Vietnam has emerged as the Republic of Korea’s (RoK) key export market in the Association of Southeast Asian Nations (ASEAN), as the former seeks to diversify trade and reduce its reliance on the US and China amid global volatility, the Vietnam News Agency reported on January 27.
The State-run news agency quoted data released by the RoK’s Ministry of Trade, Industry and Energy and the Korea International Trade Association (KITA) as reporting that the RoK’s exports to Vietnam rose 7.6% in 2025 from a year earlier to $62.8 billion, while its imports from Vietnam climbed 11.7% to $31.8 billion.
That lifted two-way trade to $94.5 billion, up 9% from $86.8 billion. The total equals about 35% of the RoK’s trade with top partner China ($272.7 billion) and 48% of that with the US ($196.2 billion).
By export growth, Vietnam ranked second among the RoK’s markets at 7.6%, trailing only Taiwan (China), where demand surged for artificial intelligence chips.
The RoK posted a $31 billion trade surplus with Vietnam in 2025, up $1.1 billion from $29.9 billion a year earlier. The result made Vietnam the RoK’s second-largest source of trade surplus, after the US.
Vietnam topped the list in 2022 and has held second place for the past three years. The main driver has been a rebound in semiconductors. Fuelled by AI and global data-centre investment, chips — the RoK’s flagship export — hit a record $173.4 billion in revenue.

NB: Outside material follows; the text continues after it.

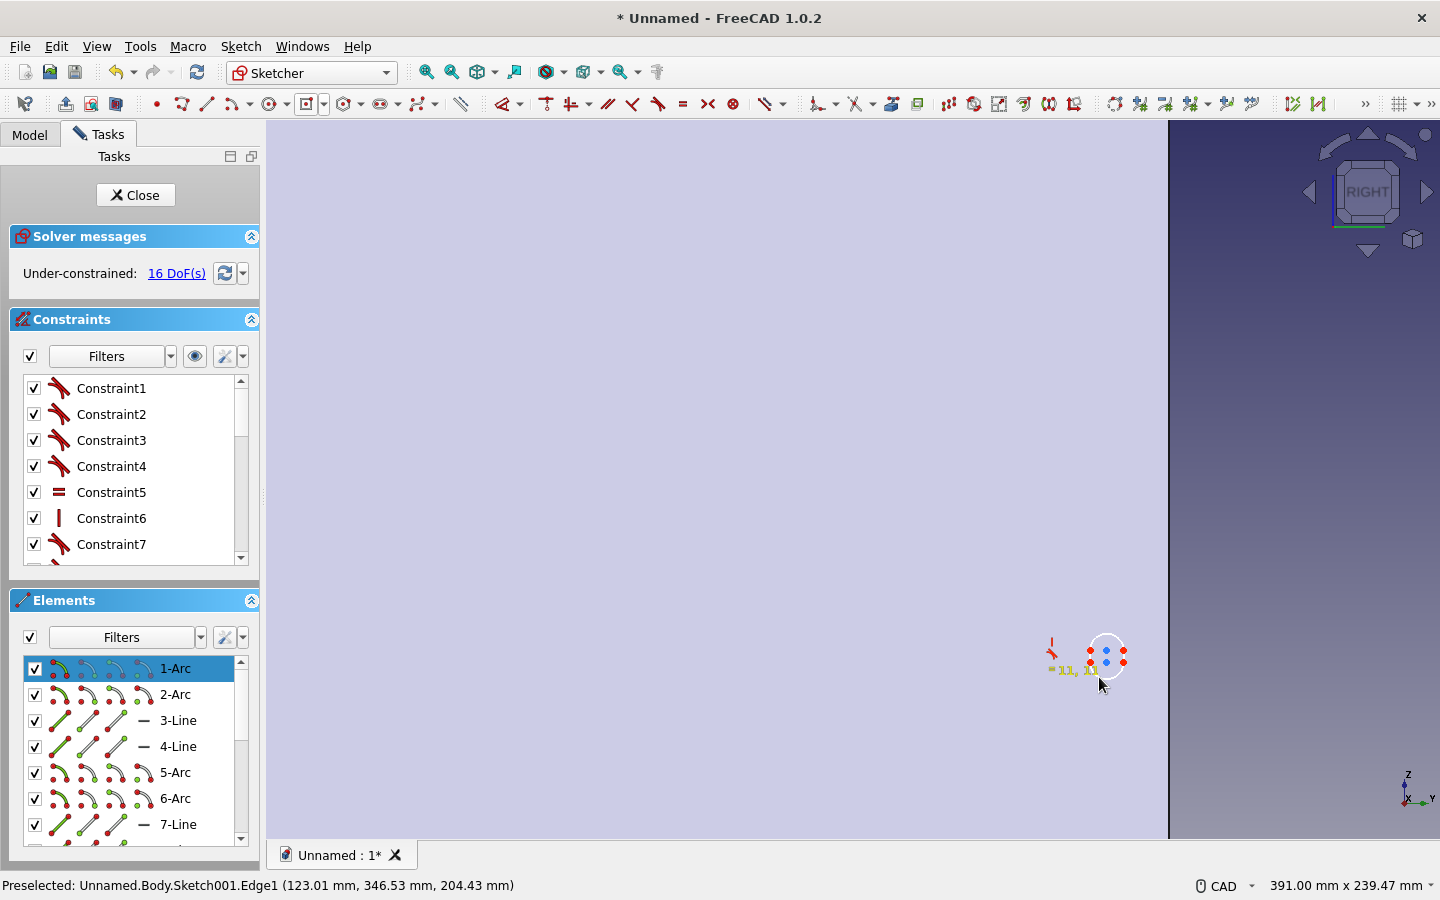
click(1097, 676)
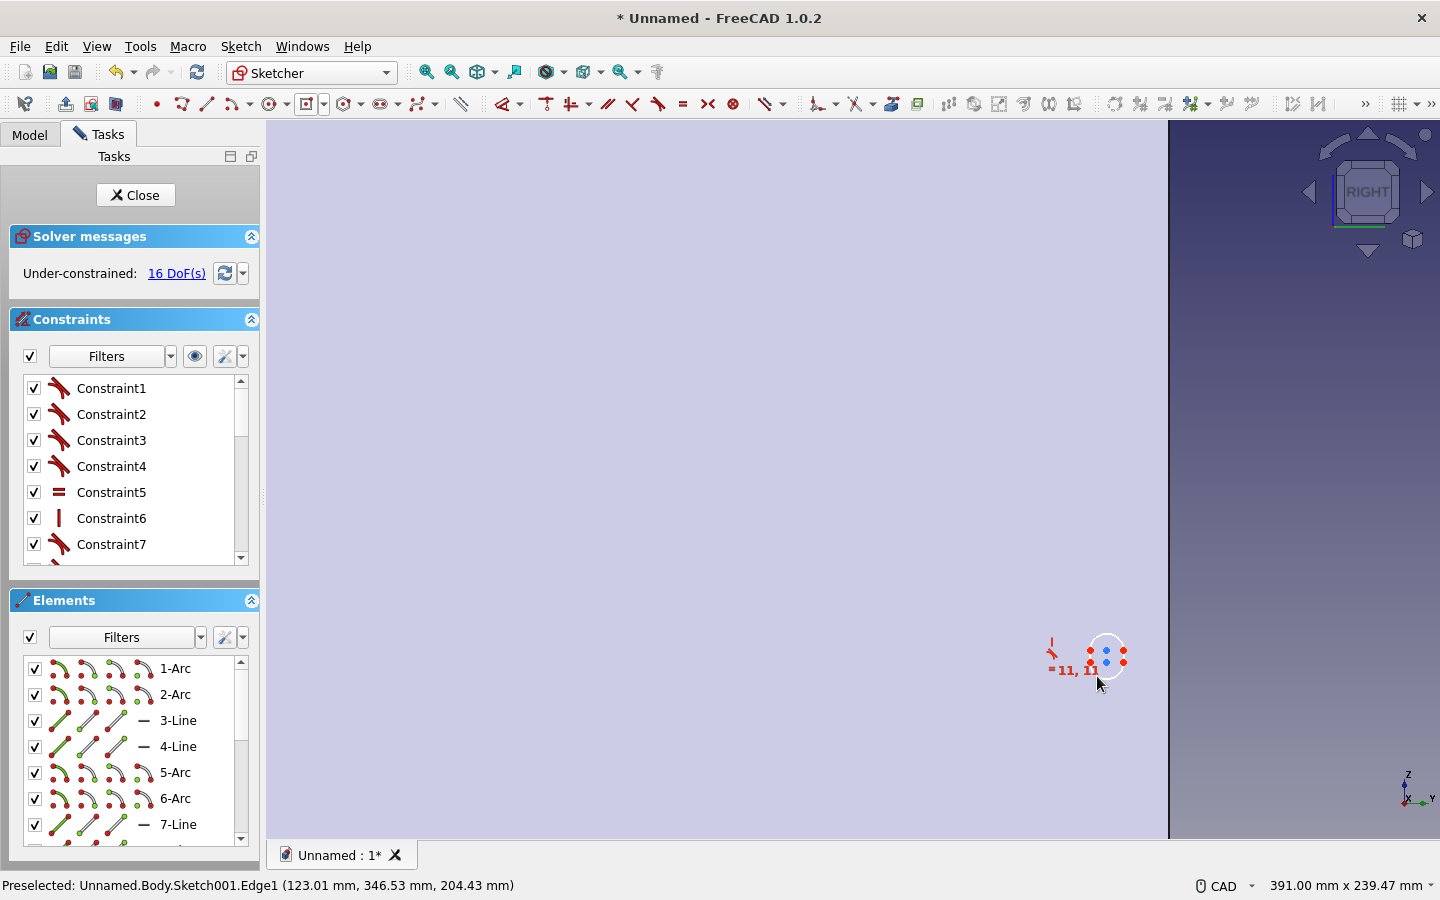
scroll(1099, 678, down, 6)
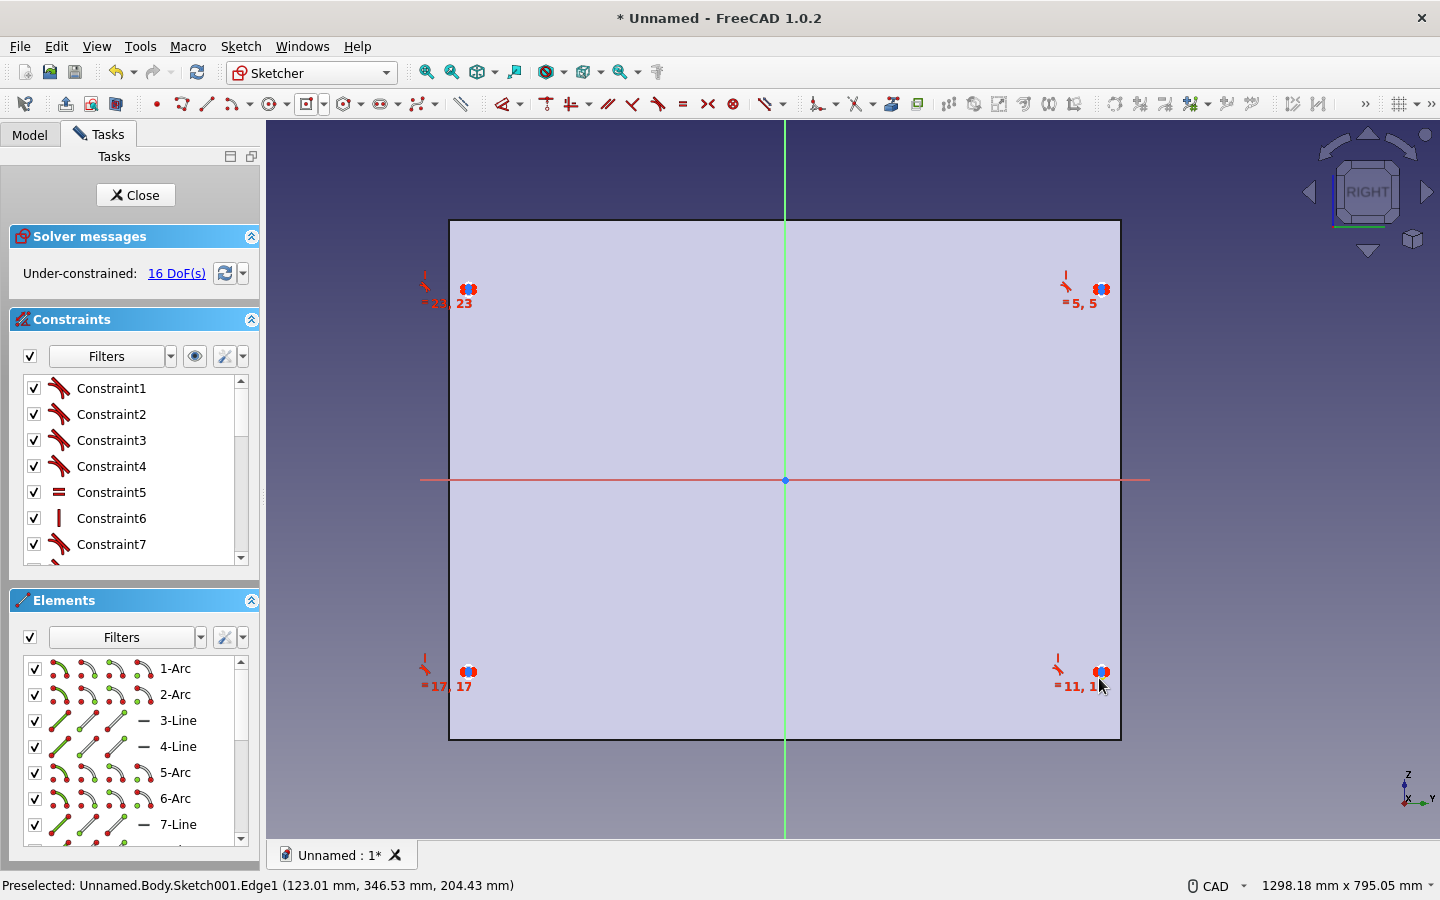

In Vietnam, semiconductors were also the largest export, with a turnover of $24.7 billion in 2025, a 36.7% jump from a year earlier.
Since the two countries established diplomatic ties in 1992, bilateral trade has surged 190-fold from $500 million, expanding from labor-intensive goods such as textiles to higher value-added products, including semiconductors and wireless communications equipment.
Trade has tripled since the Vietnam–RoK Free Trade Agreement took effect in 2014, lifting Vietnam from the RoK’s eighth-largest partner to third.
The trade structure is largely complementary. The RoK invests in Vietnam and exports intermediate goods to factories here, with Vietnam shipping finished products back. Samsung Electronics produces more than 50% of its global smartphone output in Vietnam and accounts for about 20% of the country’s total exports. The company has continued to expand its footprint, opening a large R&D center in Hanoi in 2022. Exports of K-beauty and K-food products have also posted strong growth, supported by the global reach of the Korean Wave.
On the other side, the RoK plays a key role in Vietnam’s economy. Vietnamese customs data show that in the first 11 months of 2025, the RoK was Vietnam’s second-largest import market and fourth-largest export destination.